The Light Cannot Be Stopped In The Middle East

Pinpoints of hope are popping up everywhere—God is doing amazing work in the Middle East and Open Doors is blessed to be His hands and feet.

In a hidden location in the Middle East, a group of female house church leaders has gathered in secret to grow and learn together. Lively conversation and warm smiles fill the room.

Outside this room, in a culture dominated by men, these women are forced to blend into the anonymous mass of covered heads. They must hide their faith and risk their lives. But the light of Christ can’t be stopped, and in the safety of this women’s conference hosted by Open Doors, these daring leaders can finally be themselves.

Tala,* a warm, young woman with big, bright eyes, is part of the group. She was the first to come to faith in her Muslim family and has led more family members to Christ, including two of her older sisters. The sisters’ decisions to live for Christ come at a high price.

“We started reading the Bible together,” Tala shares. “But when my father found out we had become Christians, he was so angry and did all kinds of things to try to make us lose our faith. For instance, he locked us up and forbade us from eating at the same table with the family.”

He even made the sisters go to a mullah, a leader specifically trained to persuade new Christians to convert back to Islam. It didn’t work.

“After we left, the mullah told our father that our faith was impossible to shake, that we had even shared the gospel with him!” Tala remembers.

When nothing changed the daughters’ conviction, Tala’s father took an even more drastic approach and forced Tala’s sister to marry a strict Muslim man.

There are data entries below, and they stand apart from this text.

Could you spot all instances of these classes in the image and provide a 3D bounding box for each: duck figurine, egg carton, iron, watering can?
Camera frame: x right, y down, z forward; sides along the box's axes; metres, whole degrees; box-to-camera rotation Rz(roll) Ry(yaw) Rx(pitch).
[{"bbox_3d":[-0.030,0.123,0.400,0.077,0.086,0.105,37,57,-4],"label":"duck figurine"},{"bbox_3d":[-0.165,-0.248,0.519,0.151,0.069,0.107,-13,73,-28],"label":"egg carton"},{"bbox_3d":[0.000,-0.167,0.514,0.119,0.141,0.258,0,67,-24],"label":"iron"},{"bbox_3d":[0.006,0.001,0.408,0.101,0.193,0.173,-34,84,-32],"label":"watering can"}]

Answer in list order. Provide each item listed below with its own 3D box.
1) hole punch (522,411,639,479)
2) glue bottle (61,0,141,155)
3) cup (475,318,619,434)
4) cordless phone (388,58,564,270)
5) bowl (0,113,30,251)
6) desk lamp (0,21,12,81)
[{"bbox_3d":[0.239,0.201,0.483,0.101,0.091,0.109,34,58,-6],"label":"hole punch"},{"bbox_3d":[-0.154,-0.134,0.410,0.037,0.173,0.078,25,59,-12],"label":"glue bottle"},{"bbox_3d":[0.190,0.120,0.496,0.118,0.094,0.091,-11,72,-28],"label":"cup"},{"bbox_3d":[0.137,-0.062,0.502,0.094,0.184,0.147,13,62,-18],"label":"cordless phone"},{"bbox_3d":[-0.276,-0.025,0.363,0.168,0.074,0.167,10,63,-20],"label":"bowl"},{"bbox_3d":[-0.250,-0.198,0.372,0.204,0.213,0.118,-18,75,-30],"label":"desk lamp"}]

“He controls [my sister’s] every movement,” Tala says. “She can’t attend the house church anymore; in fact, she is barely allowed to have contact with her brothers and sisters in faith.”

However, this pressure hasn’t stopped Tala and her other sister from leading house churches. Tala is one of few leaders in the country who work with children, which can be very hard she says. The conference gives her the opportunity to meet privately with a trauma counselor and share and process some of her painful experiences.

In other sessions, a Bible teacher shares about the high value Jesus placed on women in the Bible—the opposite of what their Islam lessons taught them and what they heard from their fathers. Tala soaks up the words like a dry sponge. Reinvigorated, she returns to her ministry.

Recently, she has glimpsed some hopeful new gifts from the Lord.

“My father has become softer in his approach to me,” she shares. “He sees how my sister and I keep treating him with love, even though he persecutes us. I pray that this will be the start for him to get to know Jesus.”